#### Records contained in a dataset

○ ○ ○ ○ ○

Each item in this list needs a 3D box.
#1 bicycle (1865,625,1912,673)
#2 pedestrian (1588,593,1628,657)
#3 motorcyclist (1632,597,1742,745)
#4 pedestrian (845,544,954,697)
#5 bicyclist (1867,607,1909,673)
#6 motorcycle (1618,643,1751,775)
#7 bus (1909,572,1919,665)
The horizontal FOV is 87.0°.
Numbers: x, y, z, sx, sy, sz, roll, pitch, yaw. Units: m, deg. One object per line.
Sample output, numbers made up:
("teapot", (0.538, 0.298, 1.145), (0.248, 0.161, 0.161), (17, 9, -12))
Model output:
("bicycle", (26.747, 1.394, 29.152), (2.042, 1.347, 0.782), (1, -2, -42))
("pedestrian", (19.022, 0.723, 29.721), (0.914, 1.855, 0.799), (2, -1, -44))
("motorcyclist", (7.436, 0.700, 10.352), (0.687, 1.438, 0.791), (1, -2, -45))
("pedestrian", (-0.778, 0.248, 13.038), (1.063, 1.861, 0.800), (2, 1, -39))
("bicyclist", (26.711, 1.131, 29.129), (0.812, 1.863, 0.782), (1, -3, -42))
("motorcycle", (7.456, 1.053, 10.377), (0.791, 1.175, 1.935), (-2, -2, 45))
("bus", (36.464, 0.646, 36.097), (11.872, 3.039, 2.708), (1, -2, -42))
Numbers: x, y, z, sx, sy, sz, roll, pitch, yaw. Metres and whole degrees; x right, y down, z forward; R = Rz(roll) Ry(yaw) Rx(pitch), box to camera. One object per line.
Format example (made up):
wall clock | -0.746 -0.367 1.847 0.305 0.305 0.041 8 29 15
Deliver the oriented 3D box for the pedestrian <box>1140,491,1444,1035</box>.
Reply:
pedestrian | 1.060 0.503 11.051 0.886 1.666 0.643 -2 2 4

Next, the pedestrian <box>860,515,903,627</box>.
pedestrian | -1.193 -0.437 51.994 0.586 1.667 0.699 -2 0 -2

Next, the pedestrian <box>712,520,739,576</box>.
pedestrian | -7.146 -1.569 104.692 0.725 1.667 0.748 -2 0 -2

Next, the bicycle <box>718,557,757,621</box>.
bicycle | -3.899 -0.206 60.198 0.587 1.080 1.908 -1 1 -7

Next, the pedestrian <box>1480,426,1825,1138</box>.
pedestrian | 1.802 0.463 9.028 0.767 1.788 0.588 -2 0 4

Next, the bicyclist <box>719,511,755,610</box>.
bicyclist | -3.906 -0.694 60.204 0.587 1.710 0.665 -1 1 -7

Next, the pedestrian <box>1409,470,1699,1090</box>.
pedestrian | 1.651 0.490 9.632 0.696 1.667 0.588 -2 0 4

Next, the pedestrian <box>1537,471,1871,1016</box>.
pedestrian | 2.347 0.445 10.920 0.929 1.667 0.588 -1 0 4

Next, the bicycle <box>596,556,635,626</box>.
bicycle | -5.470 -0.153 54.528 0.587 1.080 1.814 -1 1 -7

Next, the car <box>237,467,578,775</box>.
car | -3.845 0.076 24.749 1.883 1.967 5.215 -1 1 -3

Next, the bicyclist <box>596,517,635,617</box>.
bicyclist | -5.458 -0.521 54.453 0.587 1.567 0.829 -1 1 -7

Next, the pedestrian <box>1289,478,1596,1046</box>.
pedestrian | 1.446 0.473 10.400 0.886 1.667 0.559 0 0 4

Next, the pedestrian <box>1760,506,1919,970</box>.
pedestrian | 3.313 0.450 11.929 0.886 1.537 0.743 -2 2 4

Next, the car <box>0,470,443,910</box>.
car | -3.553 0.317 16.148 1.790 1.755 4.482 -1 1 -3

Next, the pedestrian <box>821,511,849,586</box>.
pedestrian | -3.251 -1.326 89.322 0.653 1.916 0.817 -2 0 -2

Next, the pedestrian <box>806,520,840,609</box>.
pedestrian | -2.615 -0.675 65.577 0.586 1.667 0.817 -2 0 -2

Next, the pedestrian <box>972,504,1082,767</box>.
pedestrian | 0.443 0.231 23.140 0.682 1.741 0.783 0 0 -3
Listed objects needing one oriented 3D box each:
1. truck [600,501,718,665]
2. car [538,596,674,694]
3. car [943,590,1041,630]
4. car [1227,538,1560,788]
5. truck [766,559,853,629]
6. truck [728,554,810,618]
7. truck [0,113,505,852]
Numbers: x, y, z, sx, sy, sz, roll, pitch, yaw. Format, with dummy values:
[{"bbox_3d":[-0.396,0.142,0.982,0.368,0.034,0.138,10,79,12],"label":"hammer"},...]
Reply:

○ ○ ○ ○ ○

#### YOUR TASK
Among the lines above, which hold the word "Format"? Report each one.

#### WRITTEN SOLUTION
Format example (made up):
Numbers: x, y, z, sx, sy, sz, roll, pitch, yaw. Format, with dummy values:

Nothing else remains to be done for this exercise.